Rooster, Dog, Crow – Jim Nason: A Few Thought-provoking Questions and a Friendly interview

The book depicts a world where upside-down politics dovetails with the carnivalesque, a love triangle unfolds between a belligerent Rooster, a happy-go-lucky meth-addicted Dog, and a gender-fluid Crow. This is my sixth poetry collection and I believe I have pushed myself to the extremes of the creative mind to depict a world that is real and surreal, a place where women, men, and animals shape-shift and trade places, intermingle within each other’s feathers, coats, and skin. Sometimes these characters are the masters of decadence and desire, other times they question the very worlds they’ve invented.  The opening poem, “Rooster Wears Stilts to the Pride Parade,” depicts a self-righteous, party-pooper bird shouting: Lower your banners, swallow your whistles! To hell with this stream of green, blue and youth.

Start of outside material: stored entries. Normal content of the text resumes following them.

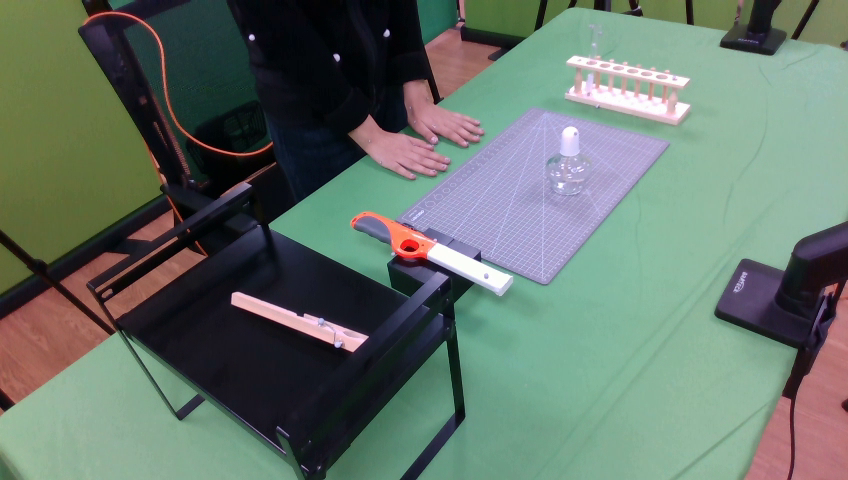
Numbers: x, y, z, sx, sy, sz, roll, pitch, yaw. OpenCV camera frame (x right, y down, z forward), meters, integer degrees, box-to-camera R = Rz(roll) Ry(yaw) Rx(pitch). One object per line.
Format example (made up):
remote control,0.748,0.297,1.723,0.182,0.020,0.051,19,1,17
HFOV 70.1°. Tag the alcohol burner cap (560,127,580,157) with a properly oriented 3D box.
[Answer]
alcohol burner cap,0.243,-0.165,1.001,0.034,0.048,0.033,-4,38,3

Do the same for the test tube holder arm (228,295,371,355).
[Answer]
test tube holder arm,-0.132,0.084,0.618,0.177,0.015,0.013,14,6,24

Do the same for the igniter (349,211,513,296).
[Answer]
igniter,0.003,0.013,0.881,0.274,0.025,0.057,24,52,28

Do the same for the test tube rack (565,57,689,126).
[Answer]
test tube rack,0.412,-0.311,1.230,0.240,0.085,0.067,24,49,32

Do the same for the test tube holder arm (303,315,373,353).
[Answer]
test tube holder arm,-0.089,0.094,0.604,0.087,0.015,0.010,14,6,26

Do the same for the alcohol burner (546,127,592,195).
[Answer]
alcohol burner,0.246,-0.137,1.024,0.078,0.119,0.077,-4,38,4

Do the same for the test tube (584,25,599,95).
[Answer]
test tube,0.339,-0.361,1.224,0.017,0.151,0.017,-4,45,4
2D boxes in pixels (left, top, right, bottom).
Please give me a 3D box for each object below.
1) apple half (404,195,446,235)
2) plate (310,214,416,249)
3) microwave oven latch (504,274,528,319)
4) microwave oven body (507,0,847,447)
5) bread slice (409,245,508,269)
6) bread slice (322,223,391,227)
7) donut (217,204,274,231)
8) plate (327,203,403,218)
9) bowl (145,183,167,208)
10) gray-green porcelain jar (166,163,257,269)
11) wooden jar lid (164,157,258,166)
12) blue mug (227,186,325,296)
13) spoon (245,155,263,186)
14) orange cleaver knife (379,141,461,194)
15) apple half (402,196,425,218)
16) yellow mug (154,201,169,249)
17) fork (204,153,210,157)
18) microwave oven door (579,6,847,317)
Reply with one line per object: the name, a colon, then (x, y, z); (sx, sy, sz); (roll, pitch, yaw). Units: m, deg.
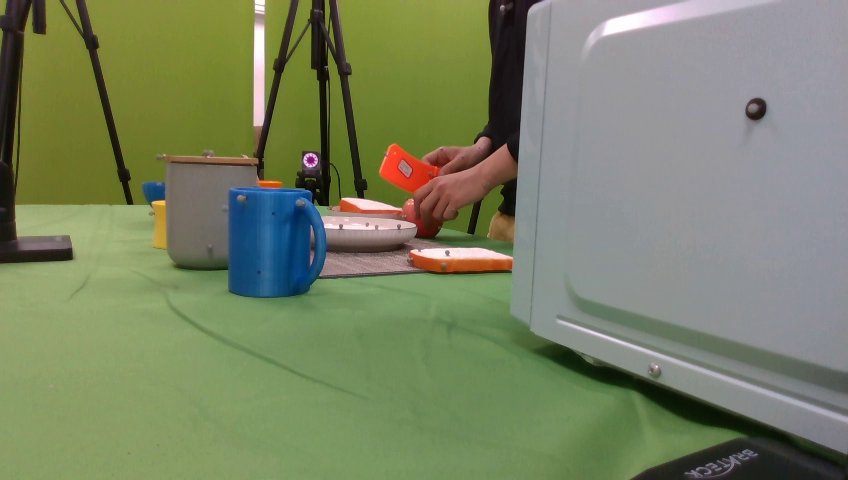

Rooster, Dog, Crow follows the Trump campaign to an apocalyptic finale. In “Flame,” Rooster, high up on stilts, claims that he learned to swallow flames/ by watching Hillary Clinton in a bright red suit deflect Trump’s abuse and lies. Rooster says, Clinton leaned into the gap/ of the next question as if the floor were/ about to part, as if she were about to be/ swallowed – red and burning and whole.

This collection asks the reader to abandon fear and commit to a life that is ecstatic with risk. The poems in this book insist that the only wrong is an unexplored life. I invite one and all to join the parade with its full range of costumed marchers, banal banners, and erogenous, music-thumping floats.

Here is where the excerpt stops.